If you are considering writing your own custom module, please consider submitting it as a Pull Request to our GitHub page. The documentation that follows will instruct you to use the 'CUSTOM_mod_' naming convention. These will be included in the WebUI but will not be reported to us, ever if you use Enterprise Edition, so it is a way to have modules that only exist and report locally. This will also ensure that you don't risk having a naming conflict with watchdogs that exist in the Git tree or that would be fetched from our Enterprise servers. If you are satisfied with the results of the custom module and believe that it will be useful for others, please rename it to a 'MC_mod_' and submit a Pull Request with that name.

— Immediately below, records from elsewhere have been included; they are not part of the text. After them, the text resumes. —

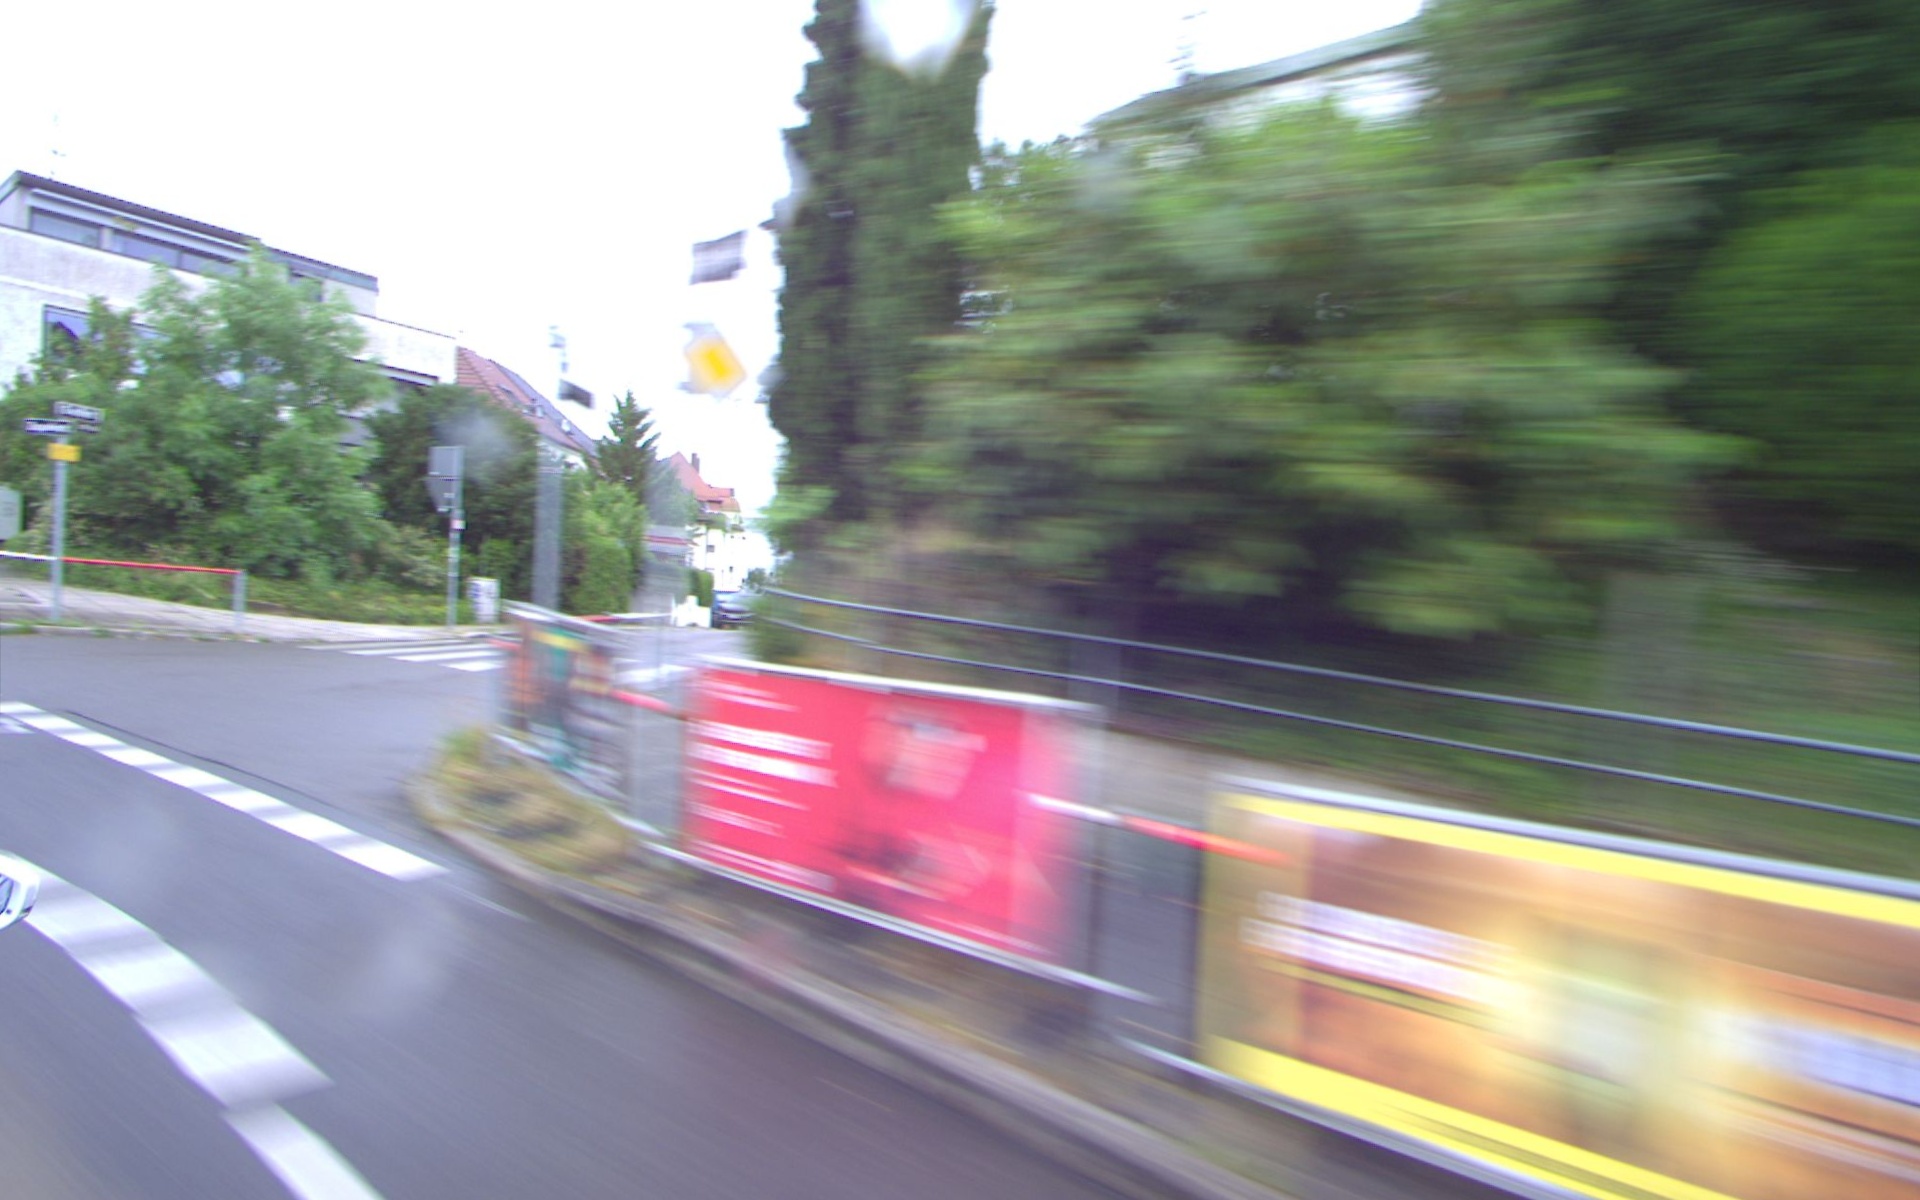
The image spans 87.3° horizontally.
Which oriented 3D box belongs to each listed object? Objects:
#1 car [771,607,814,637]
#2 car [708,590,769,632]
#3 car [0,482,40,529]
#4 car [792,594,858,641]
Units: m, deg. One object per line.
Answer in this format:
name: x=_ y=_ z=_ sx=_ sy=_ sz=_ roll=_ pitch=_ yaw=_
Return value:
car: x=-9.742 y=1.301 z=58.791 sx=1.963 sy=1.525 sz=4.003 roll=3 pitch=-3 yaw=-3
car: x=-9.831 y=0.532 z=44.905 sx=1.963 sy=1.614 sz=4.003 roll=3 pitch=-3 yaw=-3
car: x=-32.189 y=-3.226 z=32.112 sx=3.967 sy=1.433 sz=1.706 roll=6 pitch=1 yaw=-40
car: x=-4.772 y=0.588 z=36.108 sx=1.831 sy=1.452 sz=3.998 roll=5 pitch=0 yaw=-1

You can create your own watchdogs that will be displayed in the WebUI. To do this, copy one of the 'MC_mod_SKELETON.pl' or 'MC_mod_SKELETON.sh' scripts with a filename starting with 'CUSTOM_mod_' then change this file to accomplish whatever task you need it to check. The output file should contain:

A text description of the error (optional)
RC : 0
EXEC : 0

where RC is the return code (0 meaning no error, any other value meaning there was an error). If you are going to submit a module to GitHub, please ensure that there is a comment indicating the significance of the return code, or that the significance is obvious from context. This will allow us to no better monitor user reports. EXEC should simply be the execution time in seconds as presented in the example code. If one is to be provided, the text description should be printed first on one line. The order of the other two does not matter.

Once the script is complete, create an accompanying config file in /usr/mailcleaner/etc/watchdog/ with the same name other than the extension being substituted for '.conf'. The contents of this file should be:

TAGS=oneday
EXEC_MODE=Parralel

The TAGS are the list of groups that this watchdog will be included in. The built-in tags are:

dix - Run every 10 minutes
oneday - Run 3 times a day (used to be once)
all - (Redundant) to be included with manual evocations of 'watchdogs.pl All'

You may use your own TAG value for custom modules if you do want to run on a different schedule. These existing TAGS are run by the root user's Crontab. Edit with:

crontab -e

The EXEC_MODE can be:

Parrallel - All run at once and before sequential processes.
Sequence - Run one after another in alphabetical order (useful if an existing watchdog might cause an error if it has yet to complete).

The config file can also have a TIMEOUT value (in seconds) if you anticipate that it could stall.